→ **TASK INSTRUCTIONS**
What lines below contain the string "contact"? List them all.
------ THE RECORDS ------
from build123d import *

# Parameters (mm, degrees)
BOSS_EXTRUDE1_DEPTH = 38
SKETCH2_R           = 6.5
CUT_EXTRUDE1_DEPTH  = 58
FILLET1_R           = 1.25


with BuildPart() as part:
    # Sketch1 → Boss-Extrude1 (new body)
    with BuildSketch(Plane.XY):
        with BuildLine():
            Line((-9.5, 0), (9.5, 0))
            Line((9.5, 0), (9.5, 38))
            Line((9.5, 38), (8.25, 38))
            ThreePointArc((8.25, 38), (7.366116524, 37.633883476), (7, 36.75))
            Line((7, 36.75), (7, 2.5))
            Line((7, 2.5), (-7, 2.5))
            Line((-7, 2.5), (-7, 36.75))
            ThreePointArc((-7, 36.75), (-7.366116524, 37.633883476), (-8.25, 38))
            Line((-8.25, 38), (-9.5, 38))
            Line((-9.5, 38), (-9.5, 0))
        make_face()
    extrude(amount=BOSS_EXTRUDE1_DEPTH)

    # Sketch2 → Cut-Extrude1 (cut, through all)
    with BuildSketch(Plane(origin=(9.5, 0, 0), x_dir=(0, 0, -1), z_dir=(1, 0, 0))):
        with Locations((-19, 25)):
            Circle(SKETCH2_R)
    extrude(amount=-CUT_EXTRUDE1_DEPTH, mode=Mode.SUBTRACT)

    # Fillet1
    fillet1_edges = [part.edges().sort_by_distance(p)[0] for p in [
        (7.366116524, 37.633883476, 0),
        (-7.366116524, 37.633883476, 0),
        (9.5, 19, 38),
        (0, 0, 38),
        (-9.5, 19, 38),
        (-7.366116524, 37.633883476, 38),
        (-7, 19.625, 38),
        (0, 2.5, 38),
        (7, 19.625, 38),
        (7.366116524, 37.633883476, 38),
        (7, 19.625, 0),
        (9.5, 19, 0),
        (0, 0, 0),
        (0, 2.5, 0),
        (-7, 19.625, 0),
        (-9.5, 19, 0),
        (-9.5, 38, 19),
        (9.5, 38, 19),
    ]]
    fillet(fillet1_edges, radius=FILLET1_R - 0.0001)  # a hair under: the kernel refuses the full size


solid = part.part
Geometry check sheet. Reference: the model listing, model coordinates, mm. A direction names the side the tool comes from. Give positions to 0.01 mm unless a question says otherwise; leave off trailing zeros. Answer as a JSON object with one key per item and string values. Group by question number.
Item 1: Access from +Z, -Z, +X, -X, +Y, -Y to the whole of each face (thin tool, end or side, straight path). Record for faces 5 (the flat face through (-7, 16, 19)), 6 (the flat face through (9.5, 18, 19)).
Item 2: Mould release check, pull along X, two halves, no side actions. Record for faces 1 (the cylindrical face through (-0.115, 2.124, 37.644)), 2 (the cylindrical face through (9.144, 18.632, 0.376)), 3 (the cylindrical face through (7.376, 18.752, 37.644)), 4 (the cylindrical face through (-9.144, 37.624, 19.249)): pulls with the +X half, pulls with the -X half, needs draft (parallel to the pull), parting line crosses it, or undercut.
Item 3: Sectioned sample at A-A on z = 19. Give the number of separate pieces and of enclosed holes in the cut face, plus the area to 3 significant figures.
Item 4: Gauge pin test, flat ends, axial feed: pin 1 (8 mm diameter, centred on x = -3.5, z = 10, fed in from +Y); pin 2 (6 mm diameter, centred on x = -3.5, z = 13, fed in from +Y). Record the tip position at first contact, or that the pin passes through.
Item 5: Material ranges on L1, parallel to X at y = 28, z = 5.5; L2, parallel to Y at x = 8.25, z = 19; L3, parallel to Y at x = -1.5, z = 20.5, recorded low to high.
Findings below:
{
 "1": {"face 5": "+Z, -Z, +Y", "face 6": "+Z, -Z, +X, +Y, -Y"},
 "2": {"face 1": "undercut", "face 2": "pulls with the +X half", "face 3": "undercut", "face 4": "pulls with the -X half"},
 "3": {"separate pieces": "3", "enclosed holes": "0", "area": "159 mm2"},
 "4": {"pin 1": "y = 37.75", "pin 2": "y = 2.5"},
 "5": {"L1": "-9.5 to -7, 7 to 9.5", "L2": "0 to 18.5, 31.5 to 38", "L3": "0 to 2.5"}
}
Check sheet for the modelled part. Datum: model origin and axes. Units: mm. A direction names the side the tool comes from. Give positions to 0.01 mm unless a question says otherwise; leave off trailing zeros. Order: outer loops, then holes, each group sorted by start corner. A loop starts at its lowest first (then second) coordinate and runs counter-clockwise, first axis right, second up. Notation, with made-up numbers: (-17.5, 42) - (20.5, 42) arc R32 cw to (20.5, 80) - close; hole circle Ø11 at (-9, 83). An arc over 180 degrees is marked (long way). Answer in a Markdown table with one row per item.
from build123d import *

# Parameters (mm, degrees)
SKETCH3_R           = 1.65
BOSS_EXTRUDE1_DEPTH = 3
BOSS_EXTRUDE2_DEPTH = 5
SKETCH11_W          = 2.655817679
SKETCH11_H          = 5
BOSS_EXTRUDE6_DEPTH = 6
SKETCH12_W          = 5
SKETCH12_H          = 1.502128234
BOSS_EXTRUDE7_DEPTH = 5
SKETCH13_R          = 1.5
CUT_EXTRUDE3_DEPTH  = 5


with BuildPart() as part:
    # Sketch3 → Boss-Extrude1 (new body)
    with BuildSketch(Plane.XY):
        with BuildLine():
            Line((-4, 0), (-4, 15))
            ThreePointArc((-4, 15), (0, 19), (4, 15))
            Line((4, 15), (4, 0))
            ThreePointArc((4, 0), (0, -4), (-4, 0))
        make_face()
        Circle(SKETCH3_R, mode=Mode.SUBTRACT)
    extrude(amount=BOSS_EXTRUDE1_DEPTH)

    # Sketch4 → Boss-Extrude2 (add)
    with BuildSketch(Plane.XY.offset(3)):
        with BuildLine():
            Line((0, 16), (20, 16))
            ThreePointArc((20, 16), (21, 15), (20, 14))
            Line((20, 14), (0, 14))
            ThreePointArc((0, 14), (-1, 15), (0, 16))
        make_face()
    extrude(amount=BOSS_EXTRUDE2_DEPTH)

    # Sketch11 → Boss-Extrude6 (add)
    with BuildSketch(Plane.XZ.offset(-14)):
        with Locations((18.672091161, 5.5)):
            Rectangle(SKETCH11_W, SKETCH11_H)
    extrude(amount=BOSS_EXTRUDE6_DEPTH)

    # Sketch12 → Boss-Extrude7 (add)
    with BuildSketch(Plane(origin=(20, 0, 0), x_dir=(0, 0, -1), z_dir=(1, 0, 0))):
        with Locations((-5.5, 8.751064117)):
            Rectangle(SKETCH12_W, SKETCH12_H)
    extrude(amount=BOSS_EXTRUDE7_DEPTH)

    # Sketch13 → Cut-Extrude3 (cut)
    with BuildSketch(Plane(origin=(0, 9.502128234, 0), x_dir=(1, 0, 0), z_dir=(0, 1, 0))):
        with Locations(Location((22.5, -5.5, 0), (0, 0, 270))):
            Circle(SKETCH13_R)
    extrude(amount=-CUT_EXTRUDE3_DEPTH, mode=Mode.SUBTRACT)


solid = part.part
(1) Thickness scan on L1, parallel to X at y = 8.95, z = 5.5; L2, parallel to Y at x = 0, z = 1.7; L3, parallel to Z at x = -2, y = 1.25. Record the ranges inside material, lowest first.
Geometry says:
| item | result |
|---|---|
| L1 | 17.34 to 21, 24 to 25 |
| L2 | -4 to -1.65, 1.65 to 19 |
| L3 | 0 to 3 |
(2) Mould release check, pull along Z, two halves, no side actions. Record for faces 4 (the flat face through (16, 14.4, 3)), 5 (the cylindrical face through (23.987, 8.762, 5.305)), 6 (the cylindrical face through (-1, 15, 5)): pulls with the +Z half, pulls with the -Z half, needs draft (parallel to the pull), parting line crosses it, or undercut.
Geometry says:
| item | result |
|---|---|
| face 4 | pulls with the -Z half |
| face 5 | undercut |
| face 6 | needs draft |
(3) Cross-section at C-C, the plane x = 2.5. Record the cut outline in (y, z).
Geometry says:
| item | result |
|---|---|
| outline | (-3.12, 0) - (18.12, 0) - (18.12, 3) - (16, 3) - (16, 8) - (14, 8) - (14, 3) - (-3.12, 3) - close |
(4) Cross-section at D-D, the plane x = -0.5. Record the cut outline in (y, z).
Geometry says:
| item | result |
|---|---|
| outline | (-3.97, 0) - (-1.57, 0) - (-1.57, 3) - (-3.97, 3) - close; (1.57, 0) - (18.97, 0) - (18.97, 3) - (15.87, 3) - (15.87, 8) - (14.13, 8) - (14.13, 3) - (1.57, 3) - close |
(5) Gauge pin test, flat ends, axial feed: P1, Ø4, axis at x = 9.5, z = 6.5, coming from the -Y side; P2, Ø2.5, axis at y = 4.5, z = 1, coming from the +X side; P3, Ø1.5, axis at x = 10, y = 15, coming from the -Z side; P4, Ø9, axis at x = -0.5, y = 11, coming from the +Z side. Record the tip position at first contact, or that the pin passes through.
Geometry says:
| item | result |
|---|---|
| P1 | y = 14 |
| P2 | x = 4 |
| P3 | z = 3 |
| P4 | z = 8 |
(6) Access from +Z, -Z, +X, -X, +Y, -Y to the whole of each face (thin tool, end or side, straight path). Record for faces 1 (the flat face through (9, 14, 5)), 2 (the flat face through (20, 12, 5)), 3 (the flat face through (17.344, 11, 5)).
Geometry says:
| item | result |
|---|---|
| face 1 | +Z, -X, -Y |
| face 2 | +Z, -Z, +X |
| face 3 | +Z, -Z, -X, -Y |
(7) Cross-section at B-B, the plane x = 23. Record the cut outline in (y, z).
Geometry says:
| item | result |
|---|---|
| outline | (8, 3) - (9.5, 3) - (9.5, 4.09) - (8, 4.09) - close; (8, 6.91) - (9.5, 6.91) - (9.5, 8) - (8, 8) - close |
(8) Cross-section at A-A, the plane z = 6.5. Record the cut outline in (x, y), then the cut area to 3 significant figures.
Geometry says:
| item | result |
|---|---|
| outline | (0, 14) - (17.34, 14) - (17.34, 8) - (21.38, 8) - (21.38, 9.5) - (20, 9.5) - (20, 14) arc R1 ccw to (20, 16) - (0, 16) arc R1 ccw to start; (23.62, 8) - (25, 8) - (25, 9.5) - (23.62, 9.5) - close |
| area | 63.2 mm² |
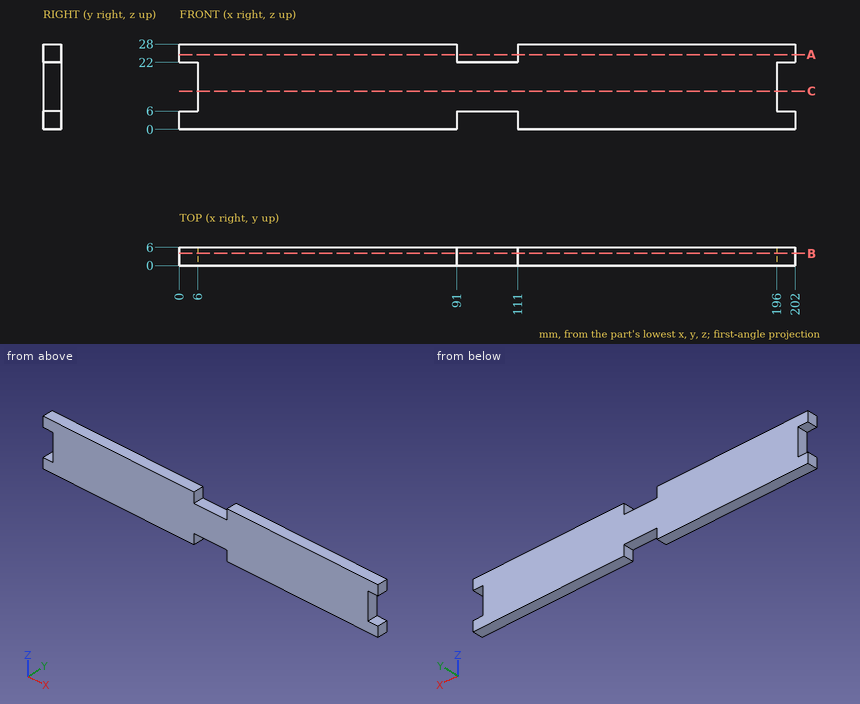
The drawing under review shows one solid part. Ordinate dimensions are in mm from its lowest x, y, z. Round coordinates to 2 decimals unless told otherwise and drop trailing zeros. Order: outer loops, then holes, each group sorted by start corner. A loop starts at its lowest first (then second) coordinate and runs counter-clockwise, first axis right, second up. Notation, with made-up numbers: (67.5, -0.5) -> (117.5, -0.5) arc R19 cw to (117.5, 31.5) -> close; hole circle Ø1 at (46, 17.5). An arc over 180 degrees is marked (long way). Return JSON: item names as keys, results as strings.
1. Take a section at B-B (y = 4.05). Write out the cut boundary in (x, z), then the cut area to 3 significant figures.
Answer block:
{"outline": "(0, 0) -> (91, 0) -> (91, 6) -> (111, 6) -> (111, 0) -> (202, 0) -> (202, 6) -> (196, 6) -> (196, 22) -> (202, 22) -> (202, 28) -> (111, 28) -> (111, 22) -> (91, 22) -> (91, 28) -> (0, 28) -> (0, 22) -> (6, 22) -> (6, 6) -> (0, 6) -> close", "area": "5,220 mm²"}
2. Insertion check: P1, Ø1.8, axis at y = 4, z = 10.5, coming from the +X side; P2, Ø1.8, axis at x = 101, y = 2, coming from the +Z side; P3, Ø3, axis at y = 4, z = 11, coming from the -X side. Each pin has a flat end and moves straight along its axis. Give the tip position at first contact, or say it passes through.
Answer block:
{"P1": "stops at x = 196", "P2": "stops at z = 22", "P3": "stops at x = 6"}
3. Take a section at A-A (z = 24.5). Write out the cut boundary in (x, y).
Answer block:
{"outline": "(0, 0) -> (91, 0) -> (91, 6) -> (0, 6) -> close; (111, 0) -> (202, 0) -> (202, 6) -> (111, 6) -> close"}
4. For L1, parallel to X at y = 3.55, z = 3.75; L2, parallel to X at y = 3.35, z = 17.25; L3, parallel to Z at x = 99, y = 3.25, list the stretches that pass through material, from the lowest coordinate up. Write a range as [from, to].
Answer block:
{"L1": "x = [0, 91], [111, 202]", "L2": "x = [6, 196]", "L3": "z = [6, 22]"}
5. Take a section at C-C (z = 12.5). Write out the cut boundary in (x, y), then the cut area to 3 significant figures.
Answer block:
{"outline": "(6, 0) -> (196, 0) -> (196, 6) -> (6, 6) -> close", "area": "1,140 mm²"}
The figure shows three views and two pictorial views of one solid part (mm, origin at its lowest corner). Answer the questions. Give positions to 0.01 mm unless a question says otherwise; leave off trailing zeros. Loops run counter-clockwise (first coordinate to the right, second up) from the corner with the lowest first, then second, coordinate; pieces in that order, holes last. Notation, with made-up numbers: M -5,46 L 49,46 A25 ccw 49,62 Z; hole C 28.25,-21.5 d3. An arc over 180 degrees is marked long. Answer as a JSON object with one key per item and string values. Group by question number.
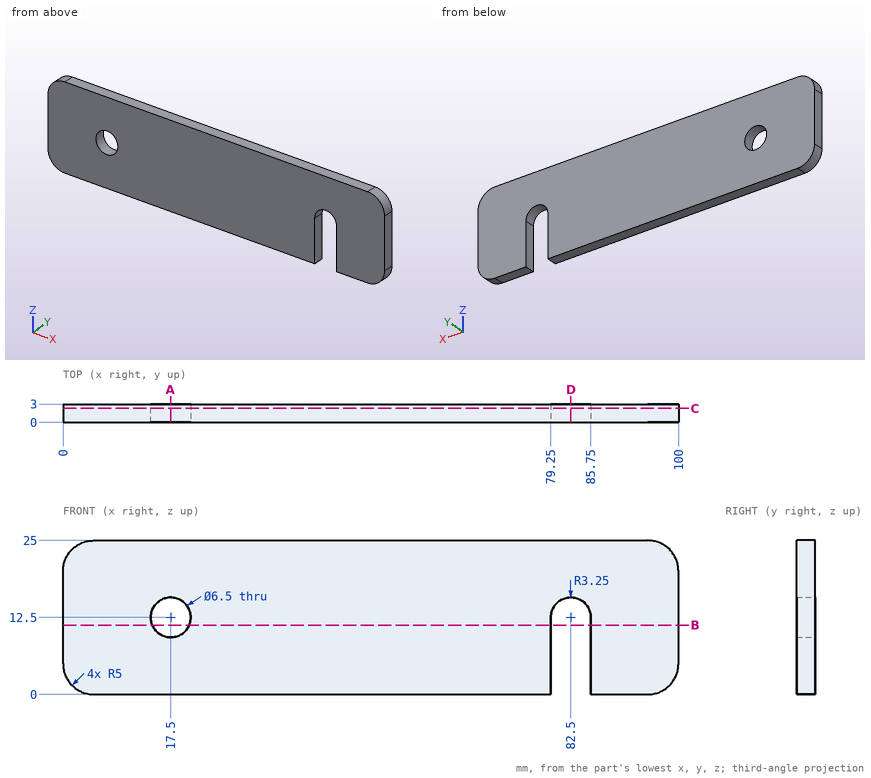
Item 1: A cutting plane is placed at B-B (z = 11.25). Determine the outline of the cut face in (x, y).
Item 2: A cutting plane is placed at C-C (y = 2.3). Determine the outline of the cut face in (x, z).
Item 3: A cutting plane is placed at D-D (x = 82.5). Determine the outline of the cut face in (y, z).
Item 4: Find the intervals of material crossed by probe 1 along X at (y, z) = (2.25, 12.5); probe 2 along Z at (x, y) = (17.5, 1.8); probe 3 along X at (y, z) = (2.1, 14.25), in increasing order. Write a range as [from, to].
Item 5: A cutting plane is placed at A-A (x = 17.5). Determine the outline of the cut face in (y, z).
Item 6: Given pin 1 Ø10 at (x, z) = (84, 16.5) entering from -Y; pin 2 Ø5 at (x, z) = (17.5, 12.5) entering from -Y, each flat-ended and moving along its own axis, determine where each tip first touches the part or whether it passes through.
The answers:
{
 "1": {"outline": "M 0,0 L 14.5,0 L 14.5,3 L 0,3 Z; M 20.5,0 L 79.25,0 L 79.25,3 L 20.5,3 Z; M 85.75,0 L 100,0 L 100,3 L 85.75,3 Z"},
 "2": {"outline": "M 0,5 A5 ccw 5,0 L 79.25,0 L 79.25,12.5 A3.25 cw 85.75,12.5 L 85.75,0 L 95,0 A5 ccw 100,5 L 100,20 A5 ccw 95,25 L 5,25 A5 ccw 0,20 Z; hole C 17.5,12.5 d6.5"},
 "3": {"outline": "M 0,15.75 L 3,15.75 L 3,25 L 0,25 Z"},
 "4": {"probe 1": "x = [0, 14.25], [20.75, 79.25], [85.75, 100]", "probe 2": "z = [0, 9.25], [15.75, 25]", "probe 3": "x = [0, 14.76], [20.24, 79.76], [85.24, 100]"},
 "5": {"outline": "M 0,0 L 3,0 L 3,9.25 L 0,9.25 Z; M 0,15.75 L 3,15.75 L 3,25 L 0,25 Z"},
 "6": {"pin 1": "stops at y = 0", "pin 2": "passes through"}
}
------
→ **RESULT OF THE EXERCISE**
Item 4: Gauge pin test, flat ends, axial feed: pin 1 (8 mm diameter, centred on x = -3.5, z = 10, fed in from +Y); pin 2 (6 mm diameter, centred on x = -3.5, z = 13, fed in from +Y). Record the tip position at first contact, or that the pin passes through.
(5) Gauge pin test, flat ends, axial feed: P1, Ø4, axis at x = 9.5, z = 6.5, coming from the -Y side; P2, Ø2.5, axis at y = 4.5, z = 1, coming from the +X side; P3, Ø1.5, axis at x = 10, y = 15, coming from the -Z side; P4, Ø9, axis at x = -0.5, y = 11, coming from the +Z side. Record the tip position at first contact, or that the pin passes through.
2. Insertion check: P1, Ø1.8, axis at y = 4, z = 10.5, coming from the +X side; P2, Ø1.8, axis at x = 101, y = 2, coming from the +Z side; P3, Ø3, axis at y = 4, z = 11, coming from the -X side. Each pin has a flat end and moves straight along its axis. Give the tip position at first contact, or say it passes through.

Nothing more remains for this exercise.